Unlocking rapid and robust sodium storage of fluorophosphate cathode via multivalent anion substitution

Polyanion-type fluorophosphate Na3V2(PO4)2O2F (NVPOF) is broadly regarded as a fascinating cathode candidate for high energy density and sustainable sodium-ion batteries (SIBs) due to its high operating potential, high capacity and robust sodium super-ionic conductor (NASICON) framework. However, the inferior rate property and service life caused by its intrinsically low electron conductivity seriously impede its electrochemical performance.
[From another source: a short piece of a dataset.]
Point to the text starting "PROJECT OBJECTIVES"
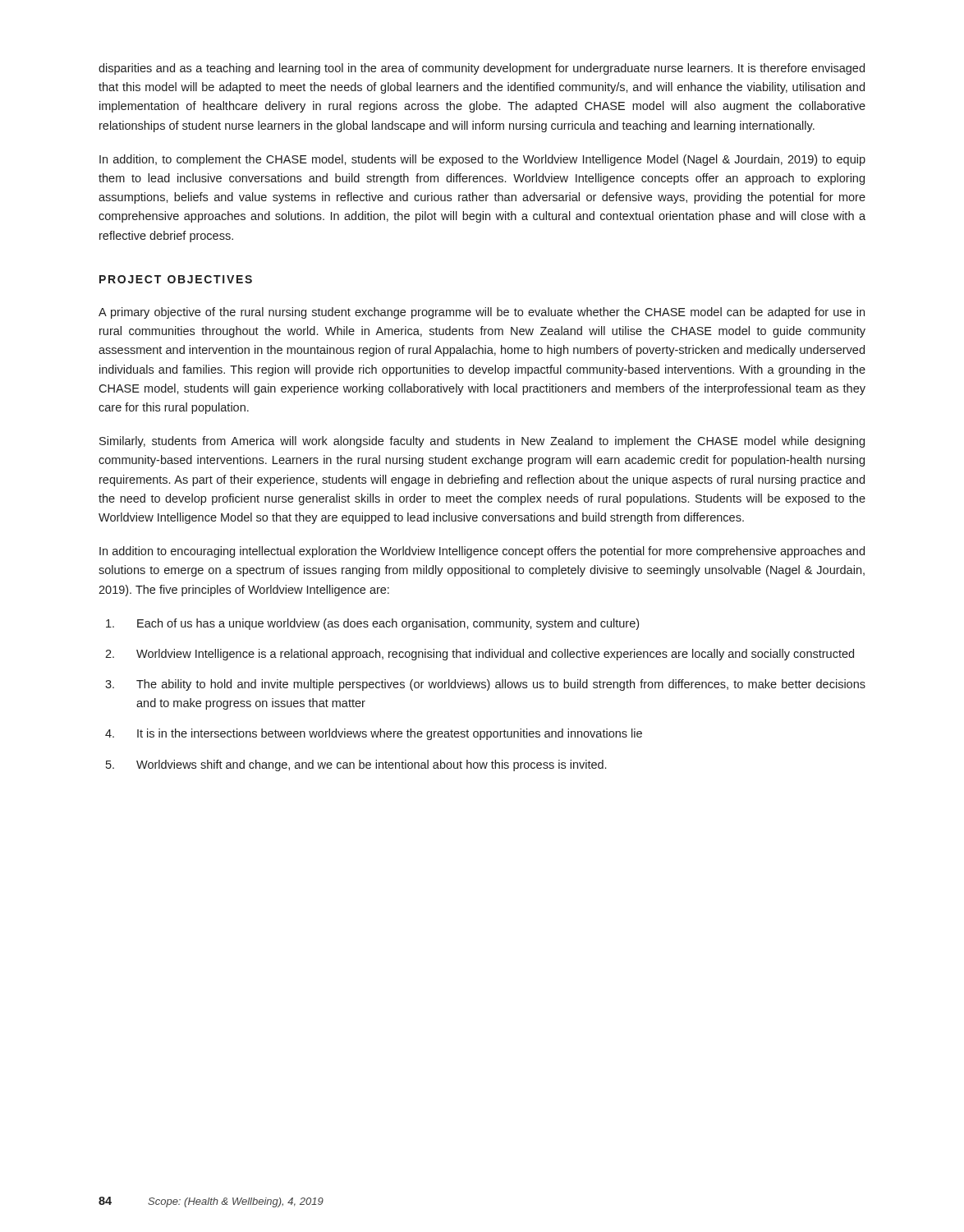Viewport: 964px width, 1232px height. tap(176, 279)

Herein, an extraordinary Na+ storage performance in Na3V2(PO4)1.95(SiO4)0.05O2F (NVPOFSi0.05) is obtained through partially replacing PO43- in NVPOF with SiO44-. Theoretical calculation and experimental analysis indicate that this anion substitution optimizes the electronic conductivity and broadens ionic transport channels, leading to faster ion/charge diffusion kinetics. Meanwhile, SiO44--introduced reinforces the crystal structure to support reversible two-electron reaction, and enhances energy density with higher mean discharge voltage. Therefore, the NVPOFSi0.05 cathode exhibits a remarkable enhancement in high-rate capability (75.5 mA h g−1 at 30 C) and virtually no capacity loss during the long-term cycling at 10 C over 1000 cycles. The full cell coupled with the NVPOFSi0.05 cathode and hard carbon anode possesses high energy density (280 W h kg−1) and exceptional long-term cyclability (92.3% capacity retention after 300 cycles at 5 C). This anion substitution device opens new avenues toward the design of advanced cathode materials for SIBs.